To compare the human brain to that on an AI would be akin to comparing apples to pineapples. Both were “built” for quite different purposes, the former for survival, the latter for efficiency. While a human brain can regulate blood pressure and insulin production with relative ease, it fails dramatically at processing tens of thousands of data points per second.

Prior to the use of AI in forecasting algorithms, analysts would rely on robust technical analyses paired with a fundamental understanding of the markets to make their predictions as accurate as possible.
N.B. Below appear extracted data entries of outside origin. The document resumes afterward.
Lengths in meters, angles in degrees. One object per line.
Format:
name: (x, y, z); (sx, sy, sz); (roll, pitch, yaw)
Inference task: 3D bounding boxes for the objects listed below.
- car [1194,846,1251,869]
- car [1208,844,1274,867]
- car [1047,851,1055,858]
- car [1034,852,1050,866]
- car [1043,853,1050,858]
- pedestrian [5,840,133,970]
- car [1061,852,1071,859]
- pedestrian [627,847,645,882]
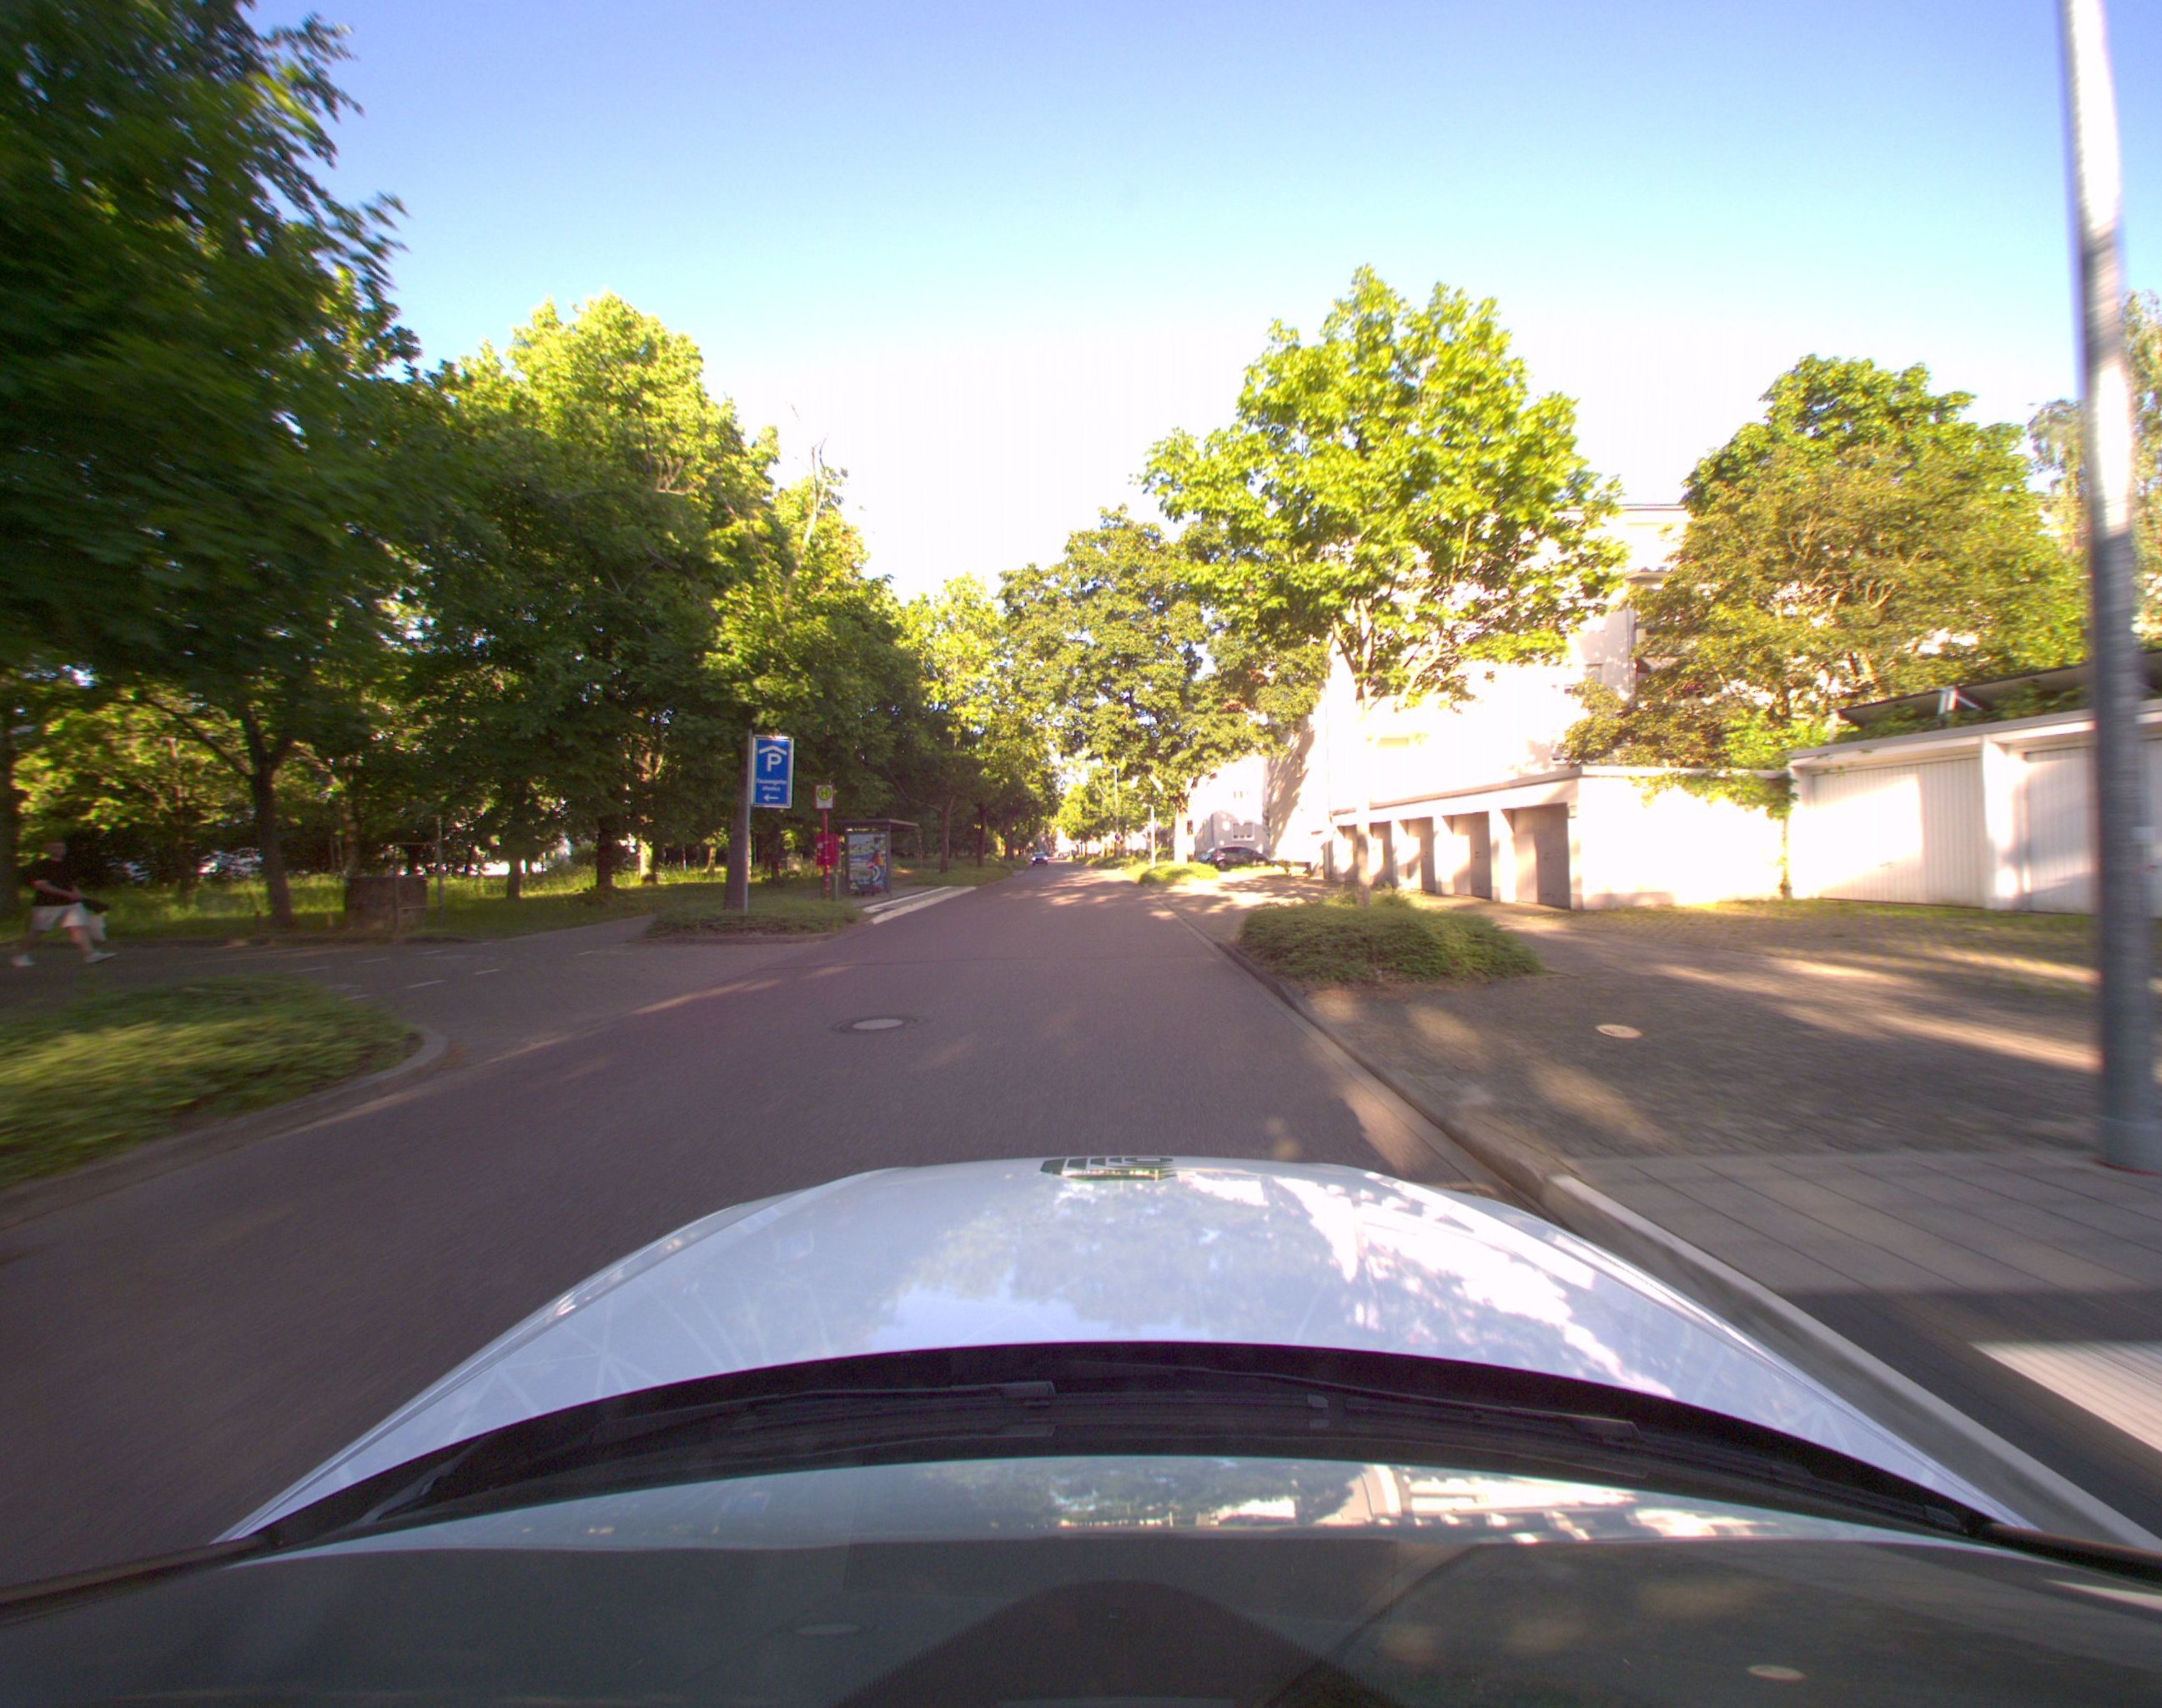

When designing a neural network for crypto sentiment analysis, that program is focused on one task: predicting the future price of cryptocurrency.

The underlying applications powering services like AIRISTREND focus on pattern recognition and analyzing the relationships between historical data sets and real-time price movements. Also, they do this very, very fast.

Leveraging the Machines

Immense processing power paired with a limited scope of work enables machines to perform laps to the tune of lightyears around their human counterparts. While traditional analyst predictions are akin to a coin toss, AI-based predictions can get extremely close because of the underlying mechanisms used. At the end of the day, crypto price movement is based on real-time demand, so having the capacity to analyze hundreds of thousands of transactions in relatively no time ensures a far better prediction than traditional conventional forecasting methods alone.

The real power behind the use of AI analysis is not in the robust processing power by itself, rather the barriers it brings down with it. While conventional analysts would have you believe they derive their predictions from pen and paper calculations, the reality is they often use expensive software-based tools generally available only to institutional investors. The rise in AI-based applications naturally drives down the cost of AI technology, allowing retail traders to level the playing field.

Because all markets, including crypto, operate on a zero-sum principle, those with access to more information will naturally come out on top. By bringing down the barriers to such technology, retail traders no longer must succumb to a choice between expensive portfolio managers and dumb luck. The other side, however, is that with the increased usage of such technology on the institutional side, retail traders are almost required to leverage similar technologies in order to stay competitive. 

Luckily, services like AIRISTREND allow such traders to stay competitive within the crypto markets at considerably lower costs. Through the use of AI and ML in the crypto markets, we can eliminate much of the biases and emotion-driven triggers that result in bad forecasting and, subsequently, bad trades.